Les effets médiatiques quasi universels de ce feu d'artifice d'initiatives
spectaculaires ont une portée politique immédiate dans les
pays d'Amérique latine en campagne ou pré-campagne électorale.
Et ce d'autant plus que l'antiaméricanisme y atteint des degrés
inégalés. En Colombie, cela se traduit par une hausse surprenante
de la popularité de Carlos Gaviria, candidat présidentiel du
Pôle Démocratique Alternatif (PDA, gauche), désormais
en deuxième position dans les sondages.
Carlos Gaviria fait campagne contre le traité de libre-échange
signé le 27 février avec les Etats-Unis. Il promet un référendum
pour que les Colombiens se prononcent sur ce traité en attente de ratification.
Les 24% d'intentions de vote attribués par les sondages à
Carlos Gaviria paraissent néanmoins encore dérisoires face aux 55% dont est crédité
le président Alvaro Uribe. Comme en 2002, ce dernier place sa probable
réélection sous la bannière de la sécurité.
Sans vaincre la vieille guérilla des FARC, il l'a contrainte à
reculer. Celle, moins puissante, de l'ELN (Armée de libération
nationale) penche pour la négociation. M. Uribe a aussi réduit
la délinquance dans les grandes villes.
Aux législatives du 12 mars dernier, les formations proches d'Alvaro Uribe
ont conquis la majorité absolue des deux chambres parlementaires. (Dissident du Parti
Libéral, M. Uribe n'a pas fondé un parti qui lui soit vraiment propre).
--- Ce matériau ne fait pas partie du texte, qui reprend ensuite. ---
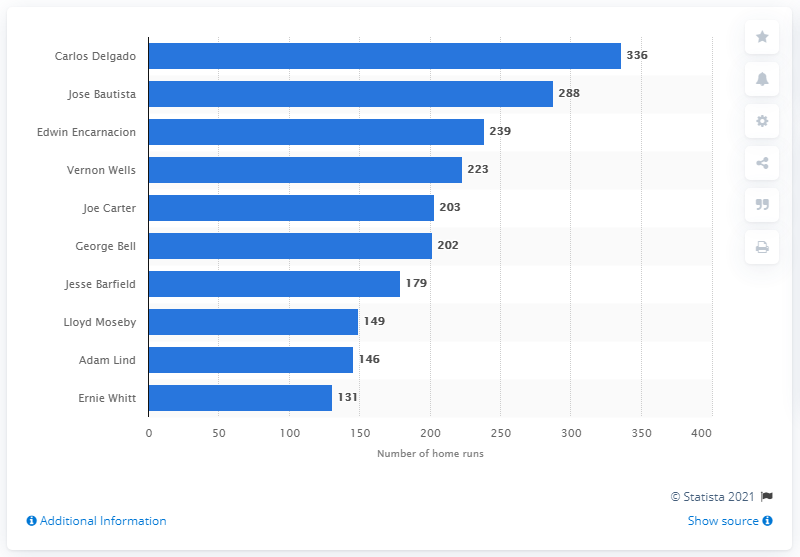List a handful of essential elements in this visual. The Toronto Blue Jays franchise has seen many players hit home runs, but none have hit more than Carlos Delgado. Carlos Delgado has hit 336 home runs. 
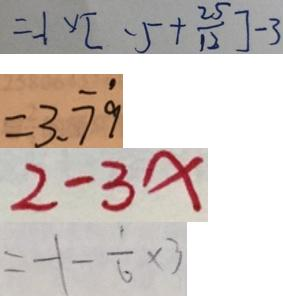Convert formula to latex. <formula><loc_0><loc_0><loc_500><loc_500>= - 1 \times [ - 5 + \frac { 2 5 } { 1 2 } ] - 3 
 = 3 . \dot { 7 } \dot { 9 } 
 2 - 3 x 
 = - 1 - \frac { 1 } { 6 } \times 3</formula> 
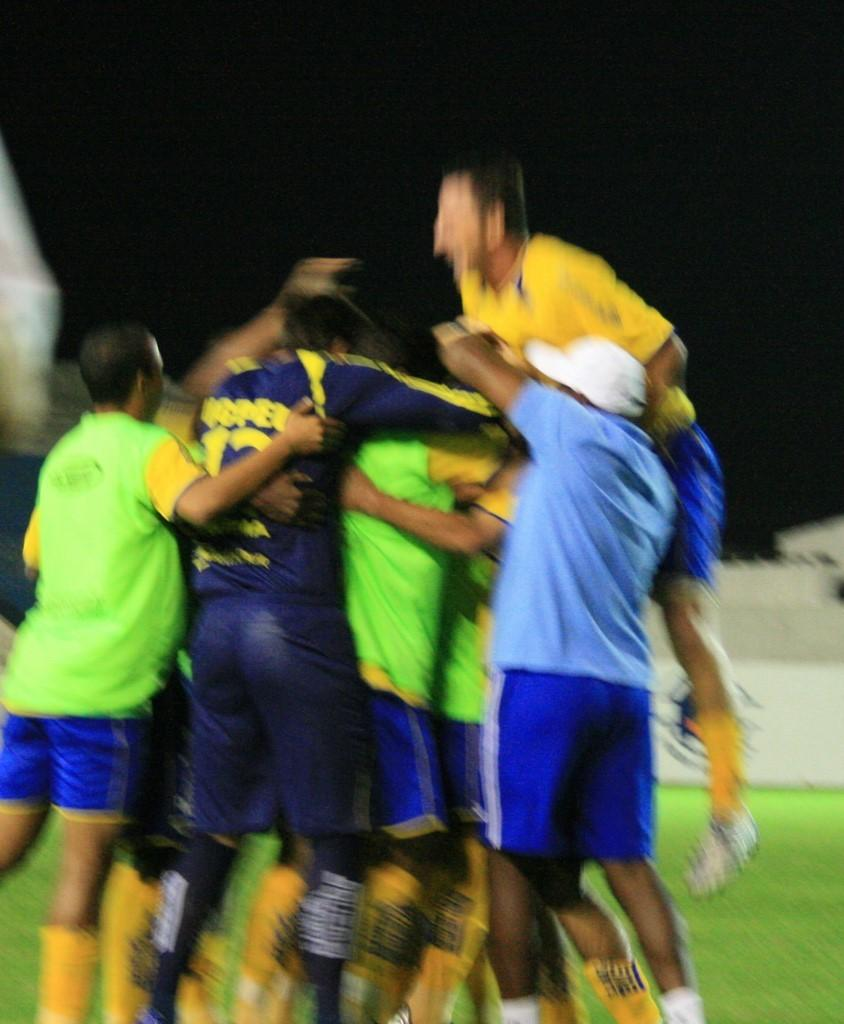How many people are in the image? There is a group of persons in the image. What can be observed about the attire of the persons in the image? The persons are wearing different color dresses. What type of surface is the group standing on? The group is standing on a greenery ground. What else can be seen in the background of the image? There are other objects in the background of the image. What type of office furniture can be seen in the image? There is no office furniture present in the image; it features a group of persons standing on a greenery ground. 
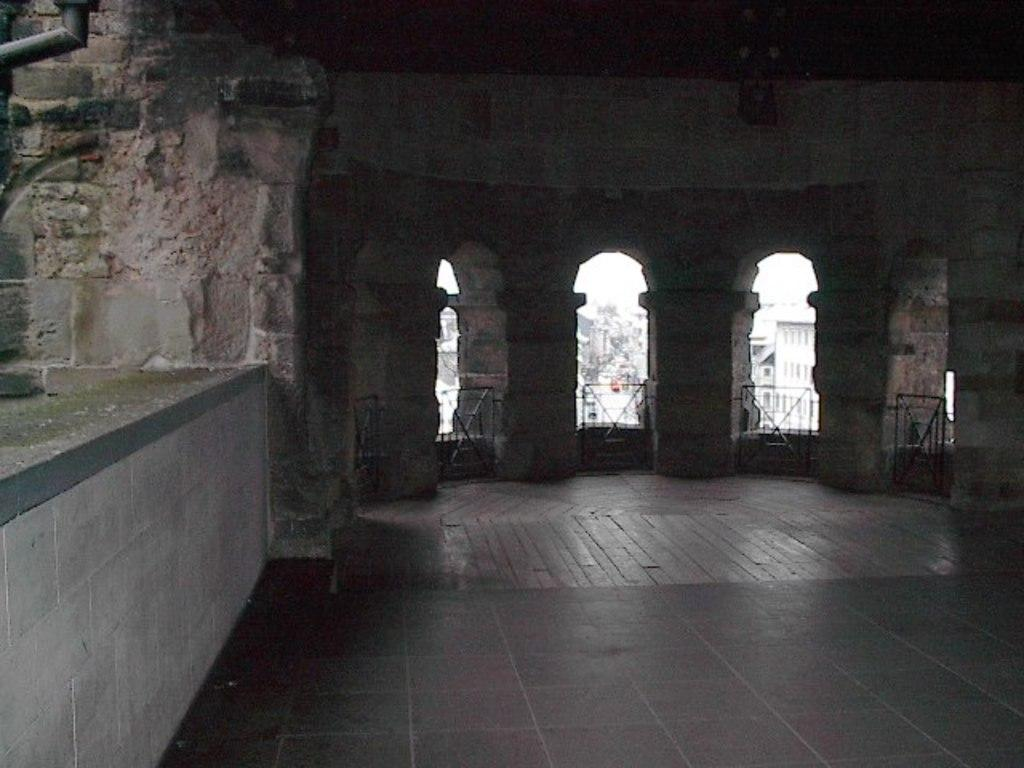Where was the image likely taken? The image was likely taken inside a building. Can you describe the building in the image? The building in the image appears old. What type of fog can be seen in the image? There is no fog present in the image. What type of plantation is visible in the image? There is no plantation present in the image. 
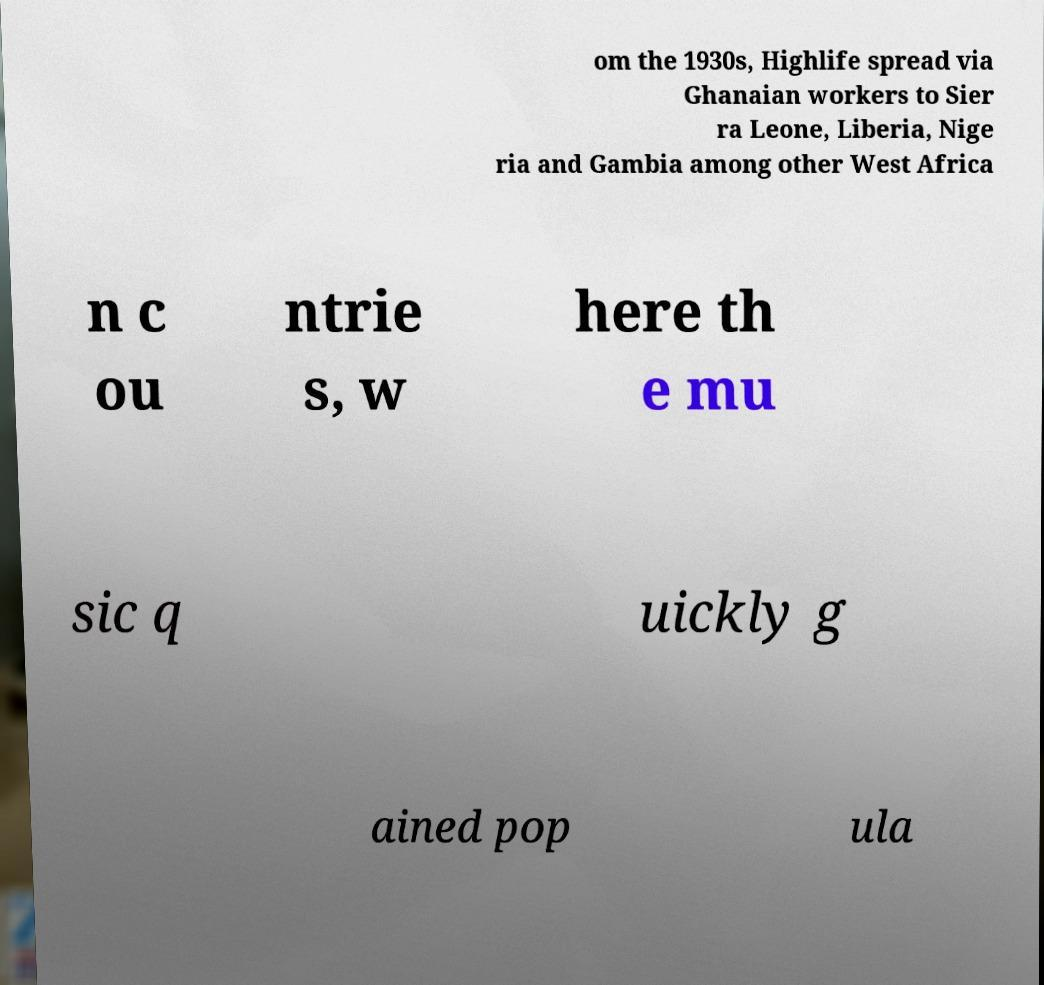Could you assist in decoding the text presented in this image and type it out clearly? om the 1930s, Highlife spread via Ghanaian workers to Sier ra Leone, Liberia, Nige ria and Gambia among other West Africa n c ou ntrie s, w here th e mu sic q uickly g ained pop ula 
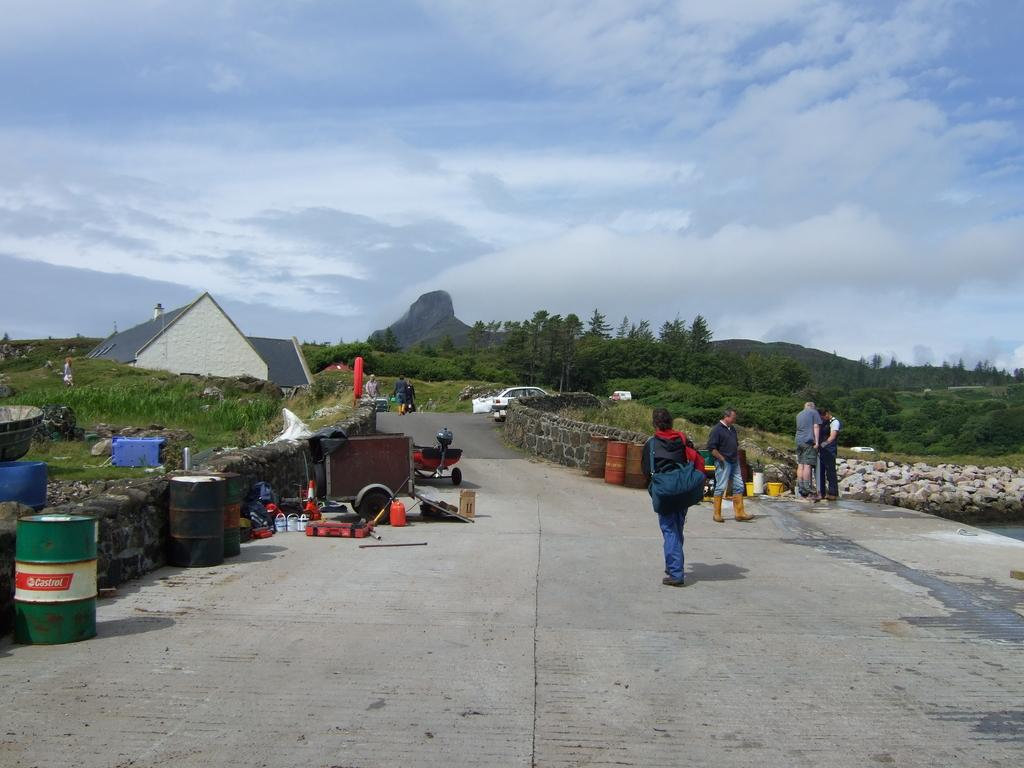How many people are in the image? There are people in the image, but the exact number is not specified. What can be seen in the background of the image? There is a road, a house, plants, trees, and the sky visible in the image. What is on the road in the image? There are objects on the road in the image. What is the condition of the sky in the image? The sky is visible in the image, and there are clouds present. Can you describe the stone in the image? Yes, there is a stone in the image. What letters are being used to spell out the name of the position in the image? There is no mention of a position or letters being used to spell out a name in the image. 
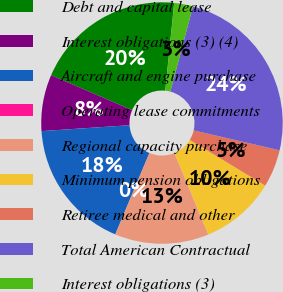Convert chart. <chart><loc_0><loc_0><loc_500><loc_500><pie_chart><fcel>Debt and capital lease<fcel>Interest obligations (3) (4)<fcel>Aircraft and engine purchase<fcel>Operating lease commitments<fcel>Regional capacity purchase<fcel>Minimum pension obligations<fcel>Retiree medical and other<fcel>Total American Contractual<fcel>Interest obligations (3)<nl><fcel>20.13%<fcel>7.55%<fcel>17.61%<fcel>0.01%<fcel>12.58%<fcel>10.07%<fcel>5.04%<fcel>24.49%<fcel>2.52%<nl></chart> 
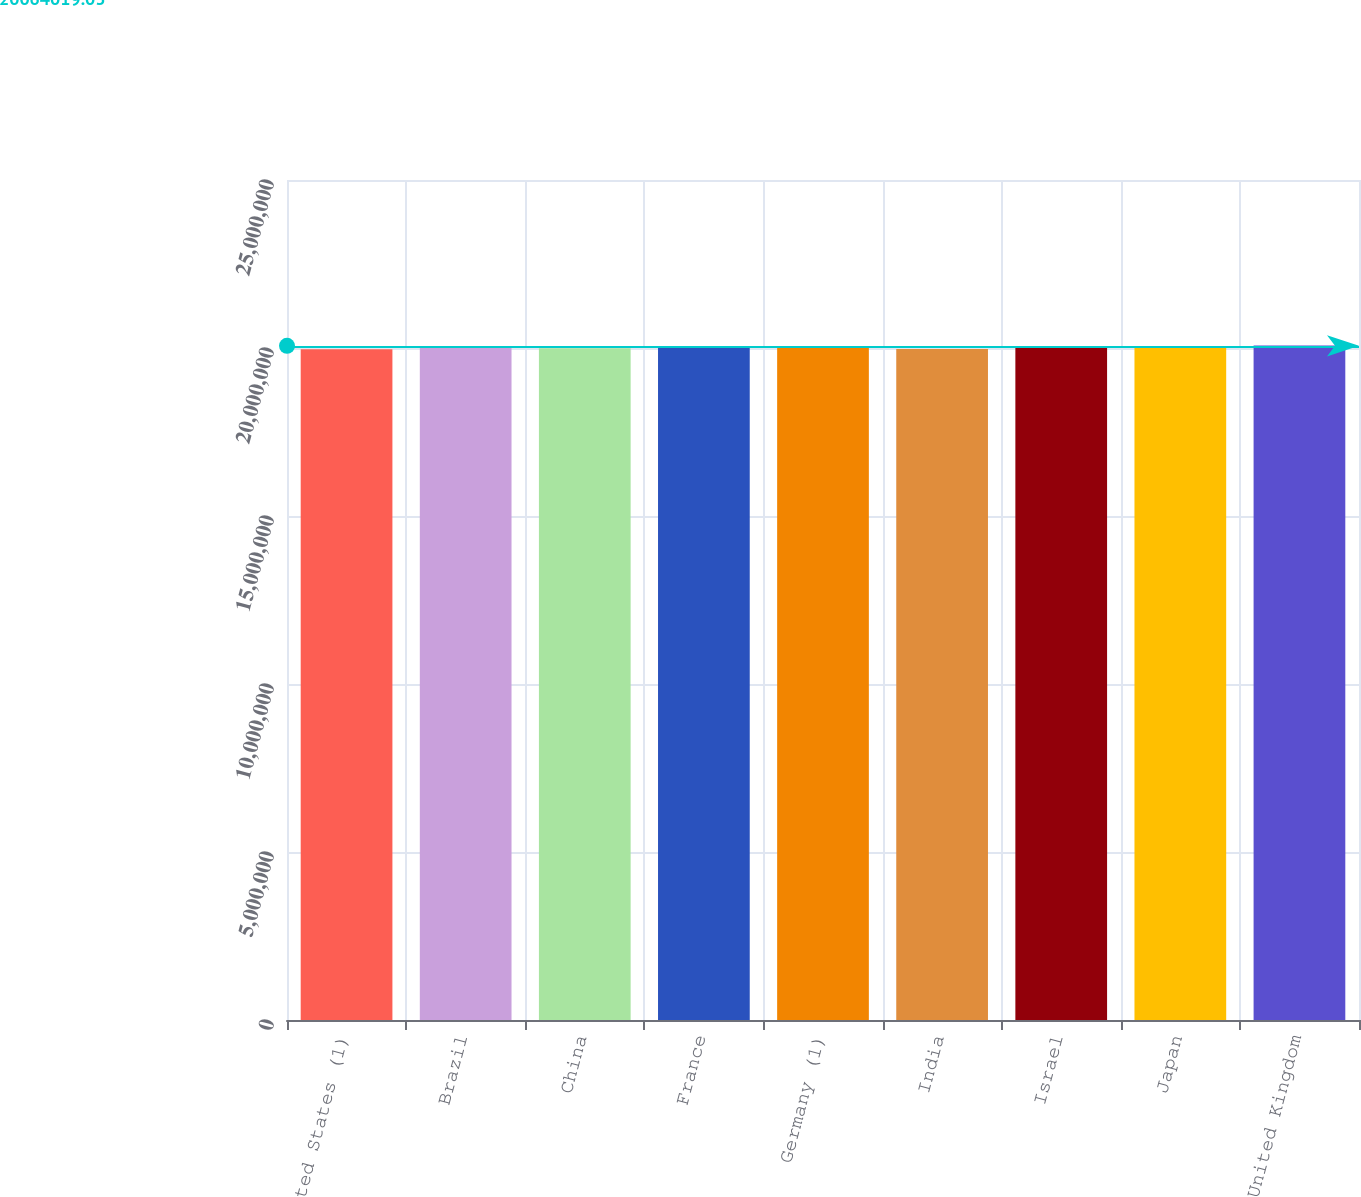Convert chart to OTSL. <chart><loc_0><loc_0><loc_500><loc_500><bar_chart><fcel>United States (1)<fcel>Brazil<fcel>China<fcel>France<fcel>Germany (1)<fcel>India<fcel>Israel<fcel>Japan<fcel>United Kingdom<nl><fcel>1.9962e+07<fcel>2.0032e+07<fcel>1.9992e+07<fcel>2.0042e+07<fcel>2.0052e+07<fcel>1.9972e+07<fcel>2.0062e+07<fcel>2.0022e+07<fcel>2.0072e+07<nl></chart> 
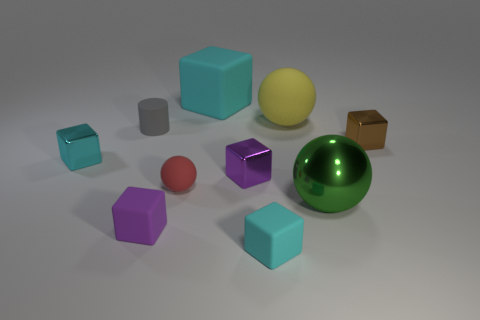Subtract all large shiny balls. How many balls are left? 2 Subtract all green spheres. How many spheres are left? 2 Subtract 1 cubes. How many cubes are left? 5 Subtract all balls. How many objects are left? 7 Subtract all brown balls. How many green blocks are left? 0 Subtract all big gray metal spheres. Subtract all purple objects. How many objects are left? 8 Add 8 big yellow rubber balls. How many big yellow rubber balls are left? 9 Add 4 gray rubber cylinders. How many gray rubber cylinders exist? 5 Subtract 0 blue cubes. How many objects are left? 10 Subtract all blue cubes. Subtract all green cylinders. How many cubes are left? 6

Mais si ce dimanche 28 mai le président n'était pas réélu
dès le premier tour, ses adversaires, essentiellement Carlos Gaviria
et le social-démocrate Horacio Serpa (candidat du Parti Libéral),
tenteraient de s'unir avant le 18 juin, date d'un second tour éventuel.
Cette possibilité et une surprise finale désagréable
pour Alvaro Uribe ne sont pas à exclure. C'est pourquoi la guérilla
des FARC a annoncé qu'elle ne saboterait pas cette élection
présidentielle, alors qu'elle avait prôné le boycott
de urnes et menacé de mort les électeurs lors de précédents
scrutins.
Les guérilleros demandent simplement de ne pas voter pour Alvaro Uribe,
moins enclin que Carlos Gaviria à négocier avec les rebelles
un cessez-le-feu et un échange humanitaire dont bénéficierait
notamment la Franco-Colombienne Ingrid Betancourt, otage des FARC depuis
le 23 février 2002. Les observateurs s'attendent néanmoins
à une vague d'attentats de la guérilla si la victoire d'Alvaro
Uribe se concrétisait.
Dans une Amérique du Sud qui vire à gauche, cette victoire
renforcerait l'isolement relatif d'une Colombie stratégiquement alliée
aux Etats-Unis. Mais la lutte d'influence pour l'hégémonie
régionale entre le Venezuela d'Hugo Chavez et le Brésil de
Luiz Inacio Lula da Silva permettra probablement à Bogota de resserrer
avec Brasilia des liens déjà amicaux.
Le principal défi de la Colombie reste de conclure la paix avec elle-même
après 42 ans d'un conflit intérieur qui a fait plus
de 200.000 morts et déplacé près de 10% des 42 millions
de Colombiens.
Critiquée dans ses modalités par les organisations humanitaires,
la démobilisation de 30.000 paramilitaires d'extrême droite,
obtenue par Alvaro Uribe en échange d'une certaine mansuétude
à l'égard d'atrocités, n'incite pas les FARC à
déposer les armes à leur tour.
Aussi dédaigneuse des droits humains que ses adversaires
paramilitaires et financée comme eux par le narcotrafic, le racket et le rançonnement de
familles de séquestrés, cette guérilla se considère
comme Etat et pouvoir dans les territoires qu'elle contrôle. "Ce que
nous voulons, c'est gouverner" affirment régulièrement Raul
Reyes et d'autres chefs guérilleros.